Hopkins began his pro career in 1998 after a stint in state prison.  He lost his first pro fight.  After that he rattled off twenty-two wins in a row before he faced Roy Jones Jr for the IBF middleweight title. He dropped that via a twelve-round unanimous decision.

In is second attempt at a world title, Hopkins fought to a draw against Segundo Mercado but then beat him in the immediate rematch to strap the same title he challenged Jones Jr for.  Five years later he captured the WBC title and with a win over Felix Trinidad, the WBA strap.  With a win over Oscar De La Hoya in 2004 he became the unified middleweight champion.

After losing his titles to Jermaine Taylor a year later, he jumped up to light heavyweight and in 2011 he captured the WBC title at that weight against Jean Pascal.  A loss to Chad Dawson forced him to relinquish that title but in his next fight he captured the IBF 175lb title against Tarvoris Cloud. In his last fight he defeated the WBA champ Beibut Shumenov for that belt and now is two steps away from unifying the titles for the second time in his career.

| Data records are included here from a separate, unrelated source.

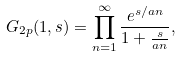<formula> <loc_0><loc_0><loc_500><loc_500>G _ { 2 p } ( 1 , s ) = \prod _ { n = 1 } ^ { \infty } \frac { e ^ { s / a n } } { 1 + \frac { s } { a n } } ,</formula> 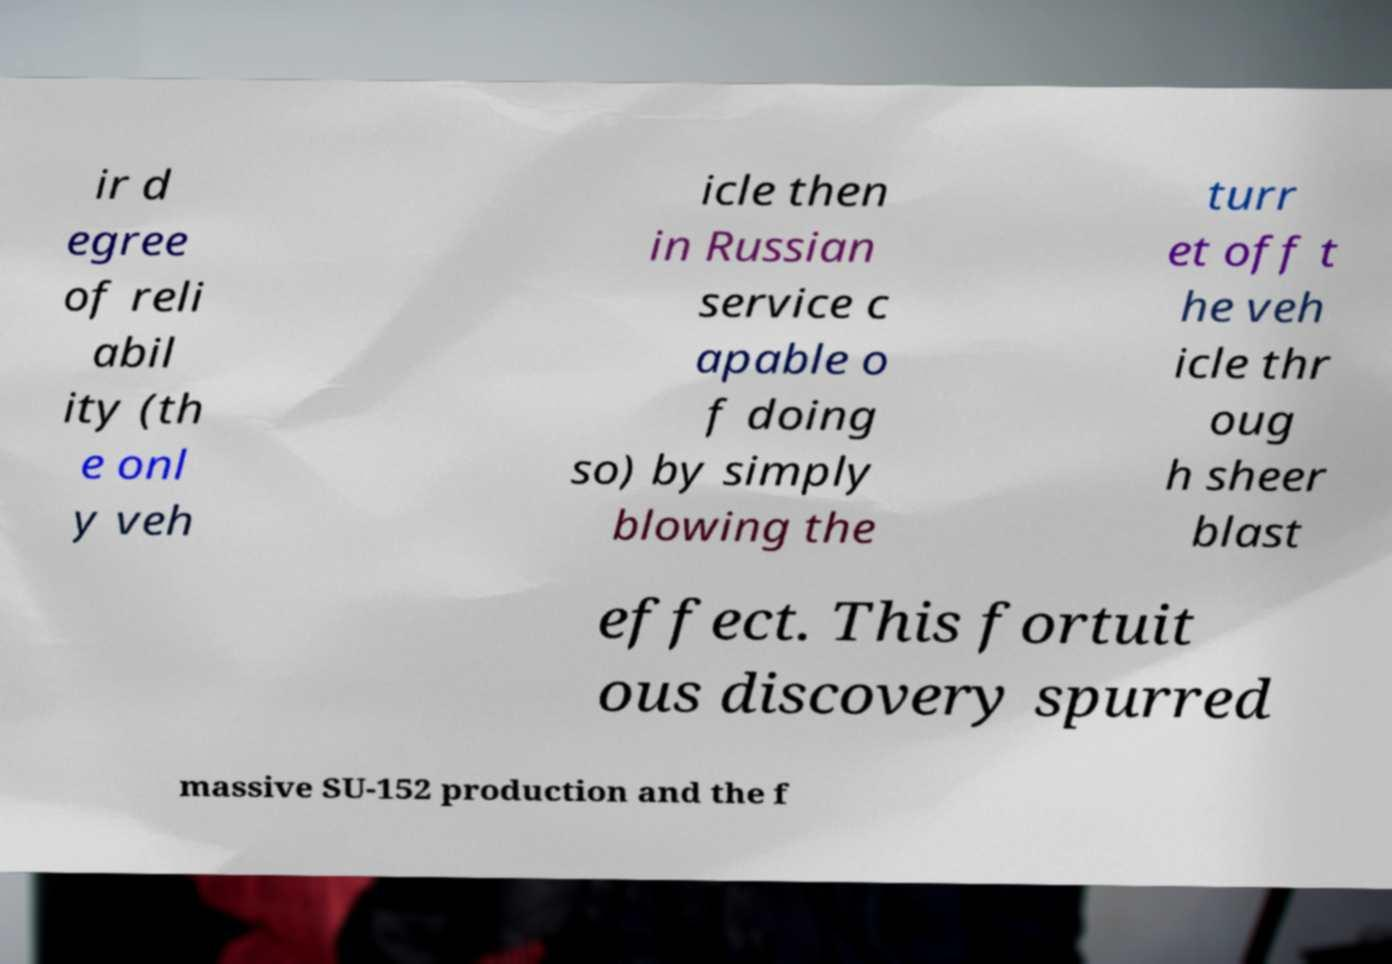For documentation purposes, I need the text within this image transcribed. Could you provide that? ir d egree of reli abil ity (th e onl y veh icle then in Russian service c apable o f doing so) by simply blowing the turr et off t he veh icle thr oug h sheer blast effect. This fortuit ous discovery spurred massive SU-152 production and the f 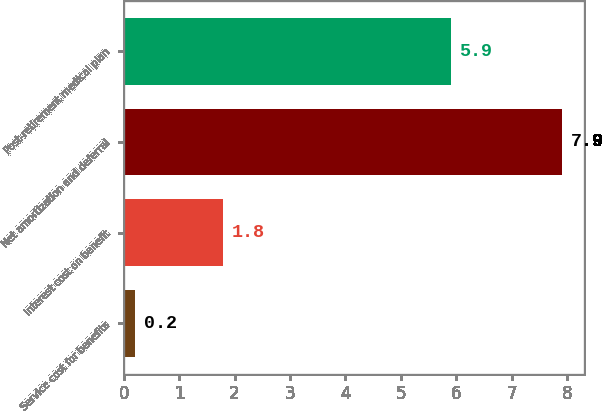Convert chart. <chart><loc_0><loc_0><loc_500><loc_500><bar_chart><fcel>Service cost for benefits<fcel>Interest cost on benefit<fcel>Net amortization and deferral<fcel>Post-retirement medical plan<nl><fcel>0.2<fcel>1.8<fcel>7.9<fcel>5.9<nl></chart> 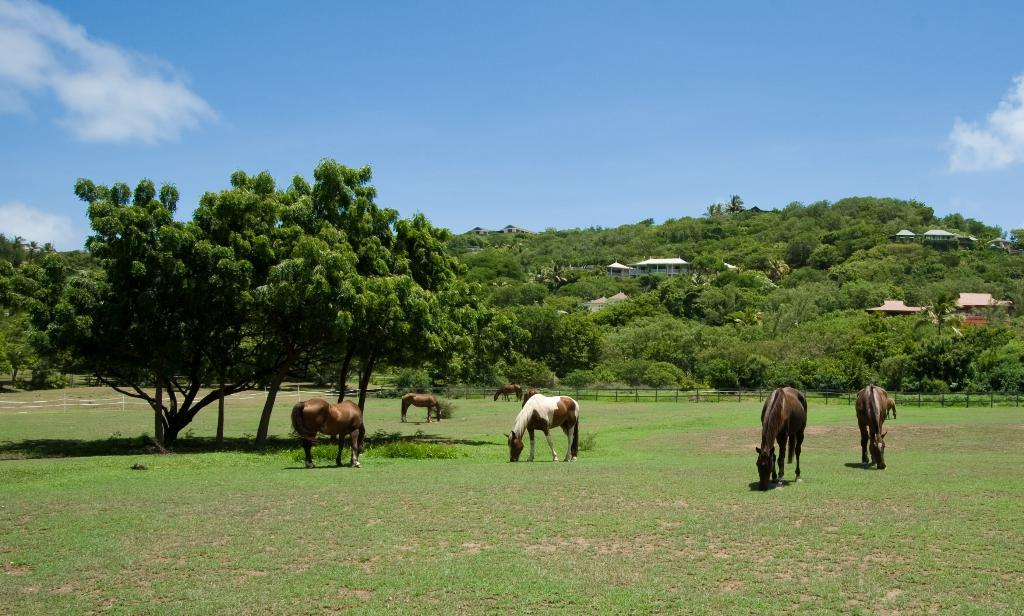What animals can be seen on the grass in the image? There are many horses on the grass in the image. What can be seen on the left side of the image? There are trees on the left side of the image. What type of vegetation is visible in the background of the image? There is grass visible in the background of the image. What architectural feature is present in the background of the image? There is fencing in the background of the image. What geographical feature is visible in the background of the image? There is a hill in the background of the image. What type of structures can be seen in the background of the image? There are houses in the background of the image. What part of the natural environment is visible in the background of the image? The sky is visible in the background of the image. What weather condition can be observed in the sky? There are clouds in the sky. Can you see a squirrel washing its ear in the image? There is no squirrel or any washing activity visible in the image. 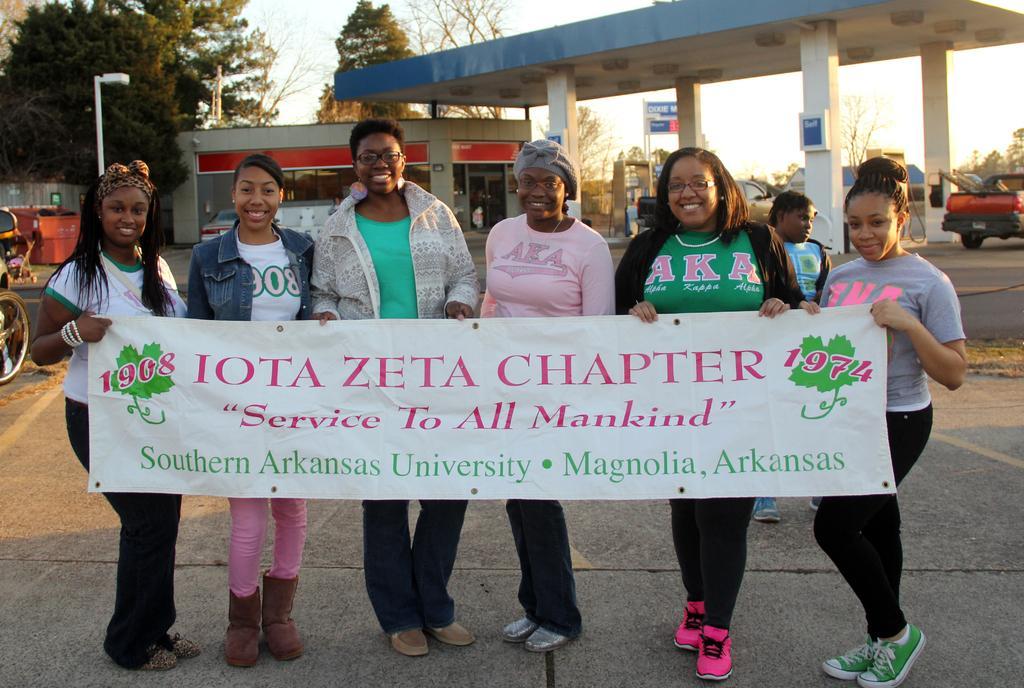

In his way is the hard hitting Kovalev.  Undefeated and with a numerous amateur career, Kovalev might have all the tools to defeat a forty-nine year old man to a pulp.  That forty-nine year old man might just not be Bernard Hopkins Kovalev’s trainer, John David Jackson, and himself think that they have the formula for Hopkins to finally grow old.  I don’t think father time even has that.